La pediatra Sabrina Camilli

Nella scorsa puntata del nostro speciale dedicato alla salute degli occhi dei nostri figli e nipoti, realizzato grazie ai preziosi consigli della dottoressa Sabrina Camilli. Abbiamo imparato cosa sono lo “Stereo test” o “test di Lang” e l’oftalmoscopio, a che età fare i primi controlli della vista con il pediatra, quando si farà la visita con la tavola ottotipica. Proseguiamo oggi cercando di capire quali sono le principali patologie degli occhi dei bambini e come notare le prime avvisaglie.

Dottoressa, a che cosa un genitore deve prestare attenzione? Quali segnali non deve farsi sfuggire?
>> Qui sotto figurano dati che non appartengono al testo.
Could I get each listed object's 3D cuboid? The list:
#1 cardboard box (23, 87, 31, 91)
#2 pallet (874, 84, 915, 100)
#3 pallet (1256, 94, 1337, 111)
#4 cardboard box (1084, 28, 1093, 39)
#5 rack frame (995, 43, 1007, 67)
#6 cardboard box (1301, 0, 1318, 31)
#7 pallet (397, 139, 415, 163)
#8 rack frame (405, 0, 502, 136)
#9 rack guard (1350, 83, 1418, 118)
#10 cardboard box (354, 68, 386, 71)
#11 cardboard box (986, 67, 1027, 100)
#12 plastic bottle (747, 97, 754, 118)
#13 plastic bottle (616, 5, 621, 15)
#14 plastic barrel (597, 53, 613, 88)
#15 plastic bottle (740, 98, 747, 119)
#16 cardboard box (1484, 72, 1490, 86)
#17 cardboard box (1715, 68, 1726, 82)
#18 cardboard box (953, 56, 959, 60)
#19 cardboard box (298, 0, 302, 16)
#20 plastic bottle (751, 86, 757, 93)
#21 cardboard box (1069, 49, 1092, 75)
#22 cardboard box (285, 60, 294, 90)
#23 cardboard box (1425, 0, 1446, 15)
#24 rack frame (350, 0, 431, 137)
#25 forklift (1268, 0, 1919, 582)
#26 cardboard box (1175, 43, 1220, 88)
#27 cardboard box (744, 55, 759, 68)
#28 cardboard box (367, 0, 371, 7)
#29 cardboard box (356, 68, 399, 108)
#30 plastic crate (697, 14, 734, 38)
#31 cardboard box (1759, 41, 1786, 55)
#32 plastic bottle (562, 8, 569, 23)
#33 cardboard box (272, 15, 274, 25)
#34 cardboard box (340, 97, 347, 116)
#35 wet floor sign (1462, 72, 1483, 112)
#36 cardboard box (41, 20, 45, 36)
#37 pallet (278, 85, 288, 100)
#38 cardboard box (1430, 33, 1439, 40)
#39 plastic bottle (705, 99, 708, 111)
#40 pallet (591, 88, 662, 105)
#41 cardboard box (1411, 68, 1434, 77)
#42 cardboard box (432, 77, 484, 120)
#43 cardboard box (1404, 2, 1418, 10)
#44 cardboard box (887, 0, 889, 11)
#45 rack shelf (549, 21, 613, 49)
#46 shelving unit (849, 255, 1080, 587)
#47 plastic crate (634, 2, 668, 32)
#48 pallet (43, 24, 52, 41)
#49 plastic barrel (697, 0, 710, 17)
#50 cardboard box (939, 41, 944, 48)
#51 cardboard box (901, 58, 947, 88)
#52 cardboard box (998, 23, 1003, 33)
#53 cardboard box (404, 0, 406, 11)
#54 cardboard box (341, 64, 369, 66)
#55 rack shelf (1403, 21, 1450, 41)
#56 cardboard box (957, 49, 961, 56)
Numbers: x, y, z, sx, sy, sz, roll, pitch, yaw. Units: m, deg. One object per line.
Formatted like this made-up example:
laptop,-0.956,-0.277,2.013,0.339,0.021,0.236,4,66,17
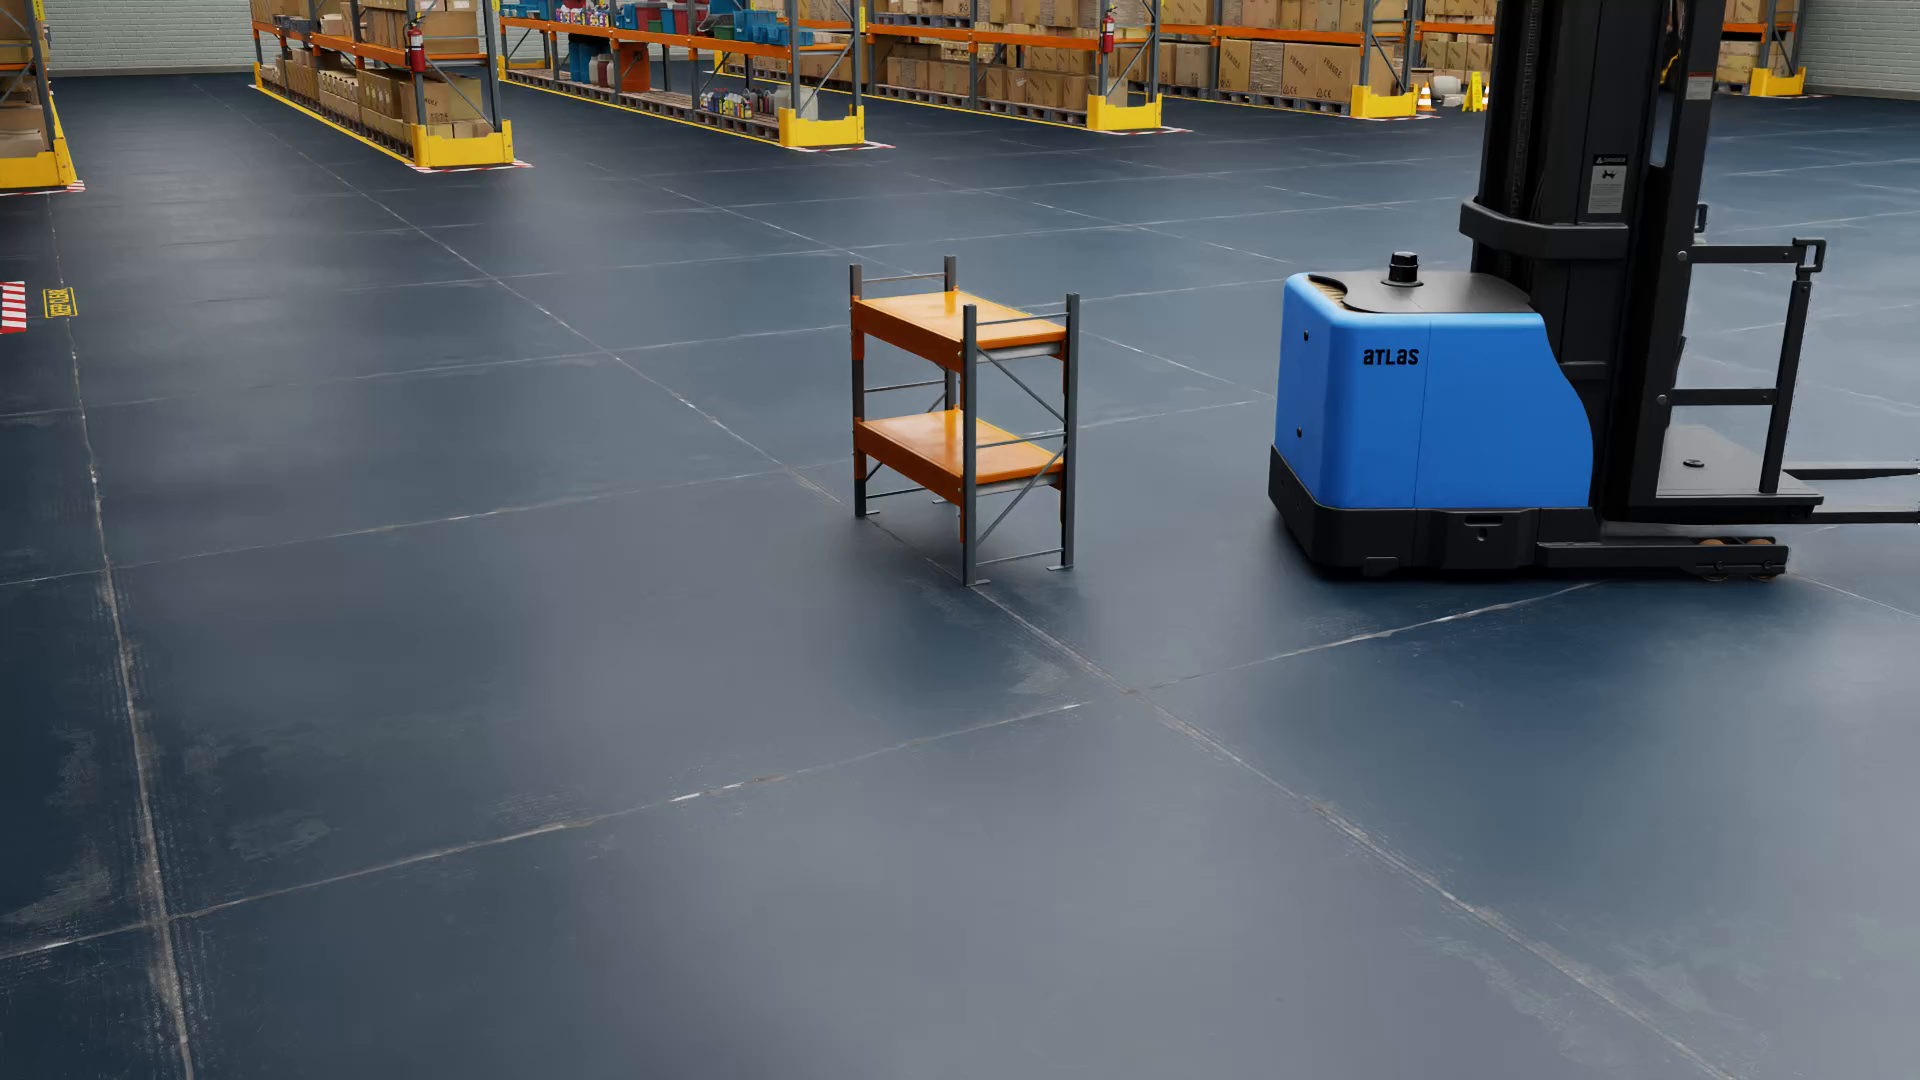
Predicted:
cardboard box,-13.309,-6.032,23.171,0.700,0.500,0.500,-10,21,-26
pallet,-0.900,-8.411,31.183,1.003,0.211,1.213,-10,21,-27
pallet,5.918,-7.645,28.964,1.003,0.211,1.213,-10,21,-27
cardboard box,2.094,-7.660,25.117,0.380,0.149,0.250,-10,21,-27
rack frame,1.244,-11.841,36.849,1.000,3.000,0.127,-10,21,-27
cardboard box,6.290,-8.902,28.100,0.875,0.550,0.550,-10,21,-27
pallet,-6.591,-5.019,21.352,1.003,0.211,1.213,-10,21,-27
rack frame,-6.191,-6.124,20.280,1.000,3.000,0.127,-10,21,-27
rack guard,6.954,-7.208,27.253,1.175,0.500,0.348,-10,21,-27
cardboard box,-9.524,-7.472,26.898,0.500,0.311,0.500,-9,21,-25
cardboard box,0.784,-7.701,28.040,0.500,0.500,0.500,-11,22,-28
plastic bottle,-3.090,-6.366,24.473,0.061,0.283,0.133,-10,21,-27
plastic bottle,-6.351,-9.720,30.777,0.144,0.351,0.185,-10,21,-27
plastic barrel,-6.412,-8.707,30.819,0.600,0.588,0.708,-10,21,-27
plastic bottle,-3.159,-6.304,24.291,0.061,0.283,0.133,-9,21,-25
cardboard box,10.137,-8.581,30.971,0.500,0.250,0.500,-11,22,-29
cardboard box,14.888,-9.091,32.450,0.500,0.250,0.500,-10,21,-27
cardboard box,0.058,-11.198,38.713,0.380,0.149,0.250,-10,21,-27
cardboard box,-10.996,-9.317,28.736,0.700,0.500,0.500,-17,25,-40
plastic bottle,-3.170,-6.854,25.782,0.144,0.351,0.185,-11,22,-28
cardboard box,2.601,-9.858,34.290,0.500,0.500,0.500,-10,21,-27
cardboard box,-11.874,-8.418,30.087,0.500,0.500,0.500,-11,22,-29
cardboard box,9.315,-10.359,31.943,0.500,0.500,0.500,-10,21,-27
rack frame,-8.090,-7.272,23.607,1.000,3.000,0.127,-10,21,-27
forklift,2.914,-1.392,6.671,3.031,2.935,1.130,0,19,-1
cardboard box,4.669,-8.844,30.968,1.050,0.750,0.750,-10,21,-27
cardboard box,-4.262,-11.012,37.059,0.875,0.875,0.875,-10,21,-27
cardboard box,-7.890,-7.373,22.752,0.380,0.149,0.250,-11,22,-28
cardboard box,-8.146,-6.344,23.339,0.500,0.500,0.500,-10,21,-27
plastic crate,-3.593,-7.839,25.345,0.767,0.338,0.504,-10,21,-27
cardboard box,15.555,-9.501,32.105,0.500,0.250,0.500,-10,22,-27
plastic bottle,-7.470,-9.979,31.643,0.152,0.276,0.135,-10,21,-27
cardboard box,-12.352,-9.720,30.547,0.500,0.500,0.500,-10,21,-26
cardboard box,-9.024,-6.537,25.049,0.500,0.250,0.500,-9,21,-25
wet floor sign,8.698,-7.582,28.114,0.267,0.644,0.232,-14,24,-36
cardboard box,-10.977,-6.125,19.332,0.500,0.500,0.500,-11,22,-28
pallet,-12.215,-8.448,31.289,1.003,0.211,1.213,-10,21,-27
cardboard box,11.204,-11.758,38.802,0.380,0.149,0.250,-11,22,-29
plastic bottle,-3.867,-6.706,25.581,0.097,0.201,0.097,0,19,0
pallet,-6.040,-8.088,30.247,1.003,0.211,1.213,-10,21,-27
cardboard box,8.662,-8.642,31.405,0.500,0.500,0.500,4,19,11
cardboard box,-6.489,-5.709,21.498,0.500,0.500,0.500,-10,21,-27
cardboard box,8.864,-10.525,32.776,0.380,0.149,0.250,-10,21,-26
cardboard box,-1.261,-10.183,31.889,0.500,0.500,0.500,-9,21,-25
rack shelf,-6.578,-9.421,30.937,1.077,0.370,4.000,-10,21,-27
shelving unit,-0.003,-0.534,6.954,0.538,1.125,1.048,-10,21,-27
plastic crate,-5.131,-8.705,27.663,0.402,0.464,0.583,-10,21,-27
pallet,-13.915,-7.373,24.195,1.213,0.211,1.003,-10,21,-27
plastic barrel,-3.991,-8.411,26.700,0.433,0.535,0.433,0,19,0
cardboard box,-0.272,-11.707,39.276,0.380,0.149,0.250,-11,22,-29
cardboard box,-0.659,-8.634,30.711,0.700,0.500,0.500,-12,22,-31
cardboard box,0.844,-8.367,27.165,0.380,0.149,0.250,-10,21,-27
cardboard box,-6.666,-6.633,20.607,0.380,0.149,0.250,-9,21,-25
cardboard box,-10.442,-7.916,28.631,0.500,0.500,0.500,-10,22,-27
rack shelf,8.401,-10.574,34.281,1.077,0.370,4.000,-10,21,-27
cardboard box,0.162,-11.344,38.680,0.380,0.149,0.250,-9,21,-24

«Per noi pediatri è importante chiedere ai genitori se il bambino ha eventuali difficoltà nella visione. Possono essere utili alcune domande, da porre a mamma e papà entro il primo anno di età del piccolo: ne elenco alcune a titolo esemplificativo. Il bambino fissa il volto della mamma? Il suo sguardo segue il movimento degli oggetti? Ha una apparente strabismo? I suoi occhi lacrimano spesso? Lamenta difficoltà e problemi nel sopportare la luce? Dopo il primo anno di età, solitamente si chiede ai genitori se secondo loro il bambino vede bene».

E come si fa capire se un bambino non vede bene?

«Per esempio se si avvicina molto allo schermo della tv, oppure se può dare accenni di strabismo quando guarda i libretti con le figure, o ancora se tiene la testa inclinata da un lato. Altri segnali da non sottovalutare sono se si stropiccia spesso gli occhi o se sopporta a fatica la luce. Inoltre non bisogna dimenticare di chiedere ai genitori se il bambino soffre di mal di testa ricorrenti oppure lamenta una certa stanchezza dopo aver disegnato o guardato la tv».

Quali sono le principali patologie a cui possono andare incontro i bambini in età pediatrica?

«In età prescolare i problemi della vista non diagnosticati sono abbastanza frequenti: interessano infatti tra il 5 e il 10 percento dei bambini. La maggior parte di essi è affetto da strabismo e da ambliopia: il cosiddetto “occhio pigro”, che viene usato meno e mostra quindi una ridotta capacità visiva. L’intervento precoce dà quasi sempre buoni risultati e porta nella maggior parte dei casi un miglioramento. Se ci sono dubbi, una visita oculistica intorno ai tre anni oppure prima dell’inizio della scuola primaria è assolutamente consigliabile»

Ci sono forme di prevenzione utili, che i genitori possono mettere in pratica fin da subito?

«Per tutti i bimbi che non sopportano il riverbero intenso della luce, io consiglio occhialini scuri e cappellini. E naturalmente, suggerisco di passare il minor tempo possibile su cellulari, tablet e davanti alla tv».